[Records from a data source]
=== Begin Enclosure ===

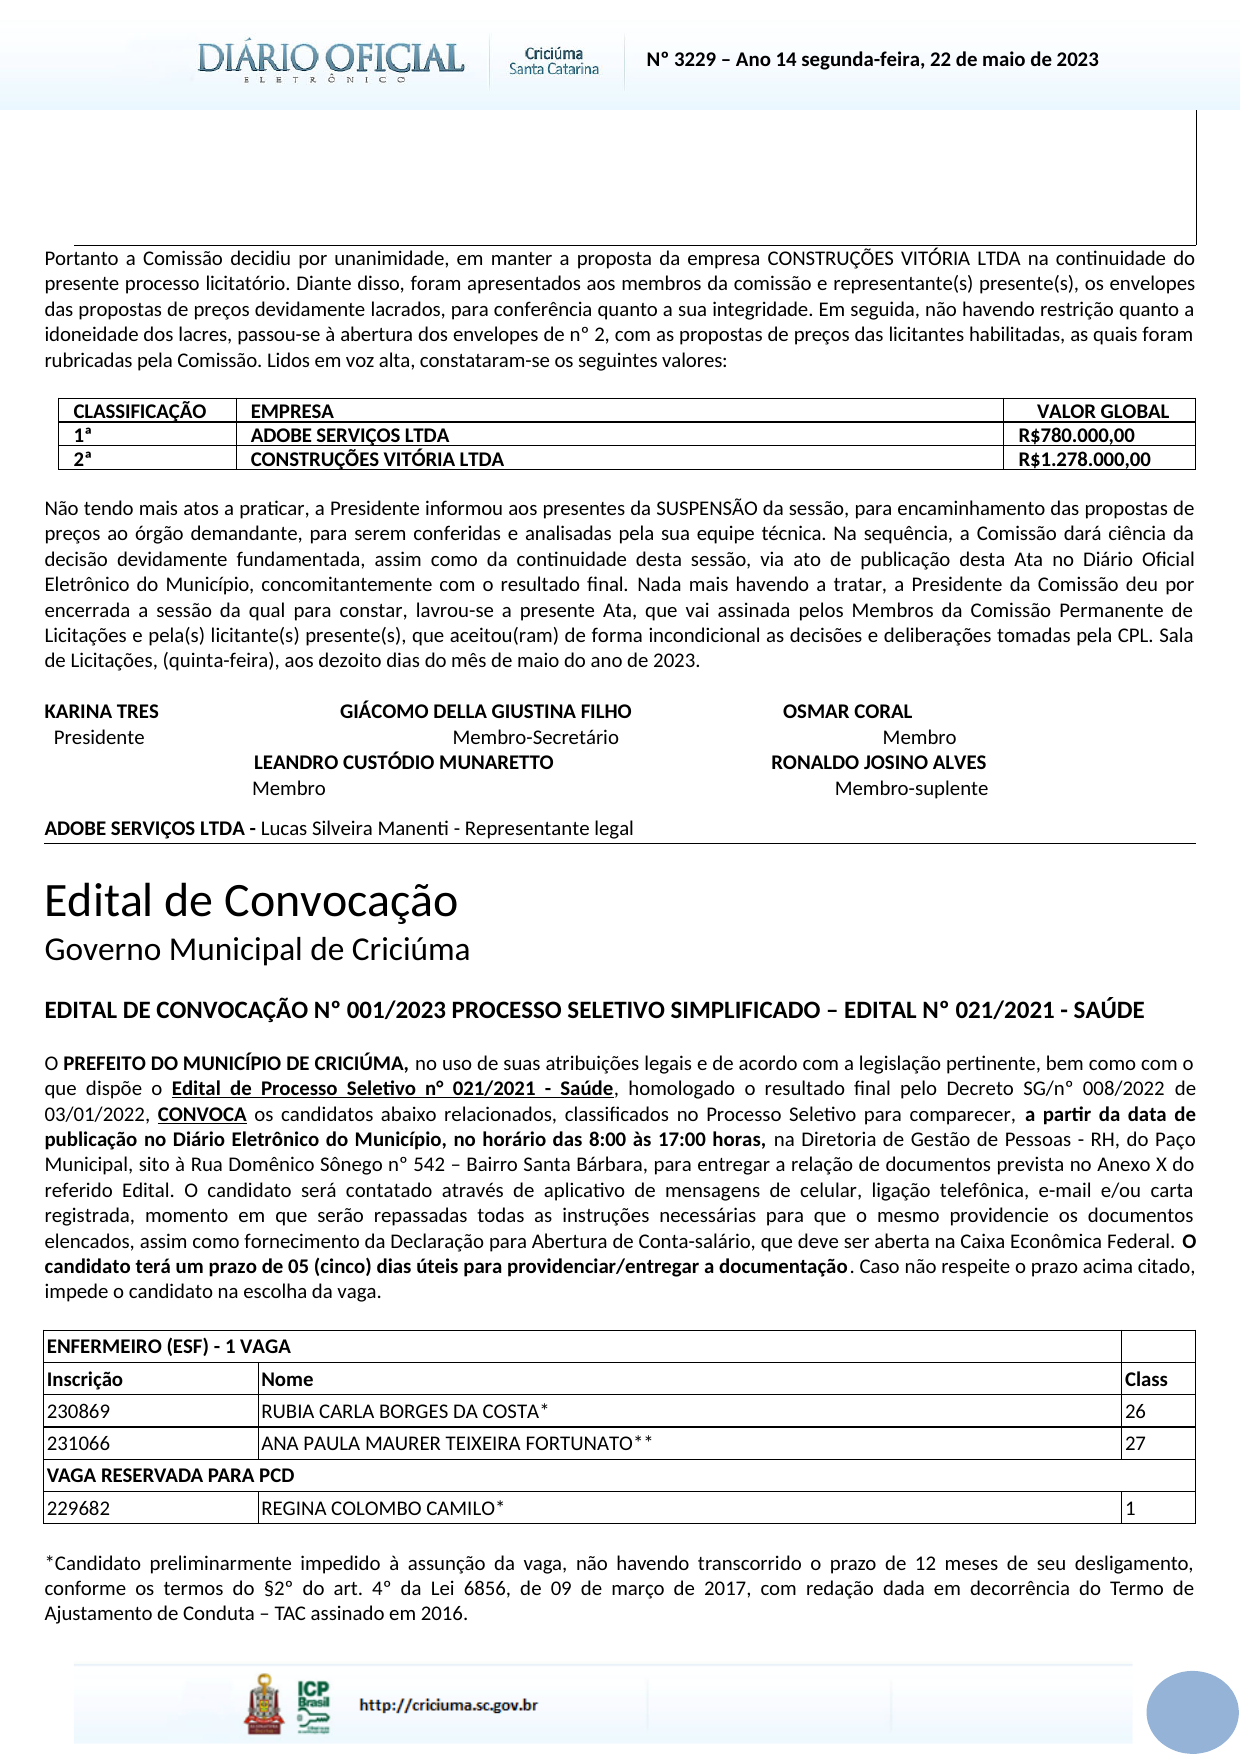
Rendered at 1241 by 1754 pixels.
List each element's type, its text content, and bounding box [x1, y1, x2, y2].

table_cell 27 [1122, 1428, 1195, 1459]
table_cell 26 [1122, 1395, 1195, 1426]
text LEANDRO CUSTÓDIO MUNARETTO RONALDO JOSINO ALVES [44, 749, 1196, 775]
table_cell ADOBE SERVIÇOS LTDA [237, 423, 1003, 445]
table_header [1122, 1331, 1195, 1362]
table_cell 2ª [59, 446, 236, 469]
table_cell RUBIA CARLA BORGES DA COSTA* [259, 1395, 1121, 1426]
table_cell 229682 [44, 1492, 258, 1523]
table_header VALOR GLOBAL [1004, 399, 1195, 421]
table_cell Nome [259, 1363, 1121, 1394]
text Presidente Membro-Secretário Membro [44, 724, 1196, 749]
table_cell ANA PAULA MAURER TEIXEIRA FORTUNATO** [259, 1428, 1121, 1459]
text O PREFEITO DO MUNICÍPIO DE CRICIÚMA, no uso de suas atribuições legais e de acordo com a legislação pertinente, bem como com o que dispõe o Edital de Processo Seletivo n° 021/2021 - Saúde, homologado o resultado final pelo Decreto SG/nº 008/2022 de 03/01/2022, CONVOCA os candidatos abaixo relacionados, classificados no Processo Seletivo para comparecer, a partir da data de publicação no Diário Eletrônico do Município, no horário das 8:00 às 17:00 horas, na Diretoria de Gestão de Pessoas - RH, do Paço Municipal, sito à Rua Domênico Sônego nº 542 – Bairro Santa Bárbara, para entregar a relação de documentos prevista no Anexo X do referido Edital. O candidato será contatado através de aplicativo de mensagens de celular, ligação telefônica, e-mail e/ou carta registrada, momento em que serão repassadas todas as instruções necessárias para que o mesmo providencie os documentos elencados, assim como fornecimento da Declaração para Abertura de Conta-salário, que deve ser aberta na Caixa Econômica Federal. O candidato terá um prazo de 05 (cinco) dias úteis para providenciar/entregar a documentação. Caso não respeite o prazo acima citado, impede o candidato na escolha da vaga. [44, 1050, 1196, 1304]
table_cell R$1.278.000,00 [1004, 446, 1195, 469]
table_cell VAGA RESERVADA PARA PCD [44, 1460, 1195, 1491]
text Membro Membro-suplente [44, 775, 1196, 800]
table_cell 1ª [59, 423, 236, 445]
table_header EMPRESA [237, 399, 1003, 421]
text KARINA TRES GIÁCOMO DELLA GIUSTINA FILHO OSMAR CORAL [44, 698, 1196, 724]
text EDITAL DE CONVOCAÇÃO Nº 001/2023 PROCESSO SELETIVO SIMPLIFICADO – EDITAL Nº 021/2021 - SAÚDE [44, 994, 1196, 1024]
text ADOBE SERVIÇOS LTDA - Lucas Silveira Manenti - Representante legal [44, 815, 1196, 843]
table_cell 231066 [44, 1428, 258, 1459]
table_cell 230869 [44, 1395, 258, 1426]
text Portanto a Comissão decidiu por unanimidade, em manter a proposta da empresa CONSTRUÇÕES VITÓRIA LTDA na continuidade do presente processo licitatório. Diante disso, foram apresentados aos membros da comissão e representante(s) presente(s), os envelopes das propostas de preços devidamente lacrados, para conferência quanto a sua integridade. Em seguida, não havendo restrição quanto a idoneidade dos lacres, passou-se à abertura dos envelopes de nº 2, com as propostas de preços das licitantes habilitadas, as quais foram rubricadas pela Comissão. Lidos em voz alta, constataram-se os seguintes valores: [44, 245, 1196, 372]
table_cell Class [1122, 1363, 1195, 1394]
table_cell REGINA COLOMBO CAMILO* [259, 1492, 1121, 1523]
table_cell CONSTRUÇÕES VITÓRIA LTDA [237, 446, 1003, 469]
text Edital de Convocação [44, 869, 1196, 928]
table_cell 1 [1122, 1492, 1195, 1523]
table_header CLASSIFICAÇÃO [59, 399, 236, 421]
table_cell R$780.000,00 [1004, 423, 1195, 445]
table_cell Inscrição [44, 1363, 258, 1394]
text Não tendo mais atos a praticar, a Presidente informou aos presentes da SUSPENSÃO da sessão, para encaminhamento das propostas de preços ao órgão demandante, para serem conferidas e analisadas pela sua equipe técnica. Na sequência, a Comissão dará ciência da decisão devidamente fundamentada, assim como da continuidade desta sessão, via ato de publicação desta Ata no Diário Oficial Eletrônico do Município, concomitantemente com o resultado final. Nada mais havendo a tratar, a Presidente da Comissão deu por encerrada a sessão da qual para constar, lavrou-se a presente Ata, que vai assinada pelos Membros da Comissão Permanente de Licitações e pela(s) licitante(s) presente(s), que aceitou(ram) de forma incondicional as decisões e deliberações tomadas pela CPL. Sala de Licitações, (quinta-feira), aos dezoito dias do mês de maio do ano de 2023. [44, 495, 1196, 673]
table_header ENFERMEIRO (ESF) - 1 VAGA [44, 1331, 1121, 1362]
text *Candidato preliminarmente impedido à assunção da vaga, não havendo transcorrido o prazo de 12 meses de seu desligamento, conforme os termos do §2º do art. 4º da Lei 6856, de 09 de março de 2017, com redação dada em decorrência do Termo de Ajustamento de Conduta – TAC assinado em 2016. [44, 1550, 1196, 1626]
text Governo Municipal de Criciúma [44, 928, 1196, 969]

=== End Enclosure ===

Give the lines exactly, from the first line of the entries to the line with "table_cell ADOBE SERVIÇOS", both ends included. Skip the pictures.

Rendered at 1241 by 1754 pixels.
List each element's type, its text content, and bounding box [x1, y1, x2, y2].

table_cell 27 [1122, 1428, 1195, 1459]
table_cell 26 [1122, 1395, 1195, 1426]
text LEANDRO CUSTÓDIO MUNARETTO RONALDO JOSINO ALVES [44, 749, 1196, 775]
table_cell ADOBE SERVIÇOS LTDA [237, 423, 1003, 445]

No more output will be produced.